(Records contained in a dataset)
•••••

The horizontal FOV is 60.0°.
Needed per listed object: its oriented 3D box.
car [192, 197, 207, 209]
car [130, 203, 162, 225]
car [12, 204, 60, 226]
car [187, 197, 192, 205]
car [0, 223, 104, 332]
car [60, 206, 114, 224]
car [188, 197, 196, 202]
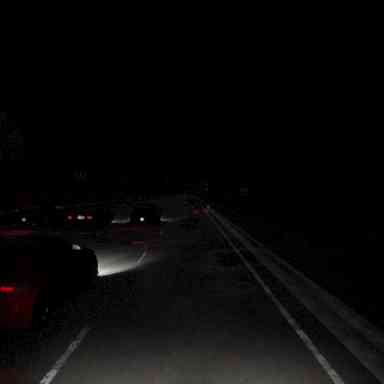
[{"bbox_3d":[1.232,1.673,50.051,1.801,1.575,5.366,0,0,0],"label":"car"},{"bbox_3d":[-3.397,1.614,25.061,1.837,1.490,4.892,0,0,0],"label":"car"},{"bbox_3d":[-10.397,1.578,23.033,1.882,1.535,5.008,0,0,0],"label":"car"},{"bbox_3d":[0.011,1.781,66.787,2.128,1.511,4.902,0,0,0],"label":"car"},{"bbox_3d":[-3.398,1.594,6.889,1.994,1.385,4.181,0,0,0],"label":"car"},{"bbox_3d":[-6.896,1.647,22.938,2.033,1.411,5.357,0,0,0],"label":"car"},{"bbox_3d":[0.012,1.832,82.470,1.994,1.385,4.181,0,0,0],"label":"car"}]

•••••

TO DO: Return the preceding entries verbatim, with the pictures excluded.

RESULT FOR THIS TASK:
The horizontal FOV is 60.0°.
Needed per listed object: its oriented 3D box.
car [192, 197, 207, 209]
car [130, 203, 162, 225]
car [12, 204, 60, 226]
car [187, 197, 192, 205]
car [0, 223, 104, 332]
car [60, 206, 114, 224]
car [188, 197, 196, 202]
[{"bbox_3d":[1.232,1.673,50.051,1.801,1.575,5.366,0,0,0],"label":"car"},{"bbox_3d":[-3.397,1.614,25.061,1.837,1.490,4.892,0,0,0],"label":"car"},{"bbox_3d":[-10.397,1.578,23.033,1.882,1.535,5.008,0,0,0],"label":"car"},{"bbox_3d":[0.011,1.781,66.787,2.128,1.511,4.902,0,0,0],"label":"car"},{"bbox_3d":[-3.398,1.594,6.889,1.994,1.385,4.181,0,0,0],"label":"car"},{"bbox_3d":[-6.896,1.647,22.938,2.033,1.411,5.357,0,0,0],"label":"car"},{"bbox_3d":[0.012,1.832,82.470,1.994,1.385,4.181,0,0,0],"label":"car"}]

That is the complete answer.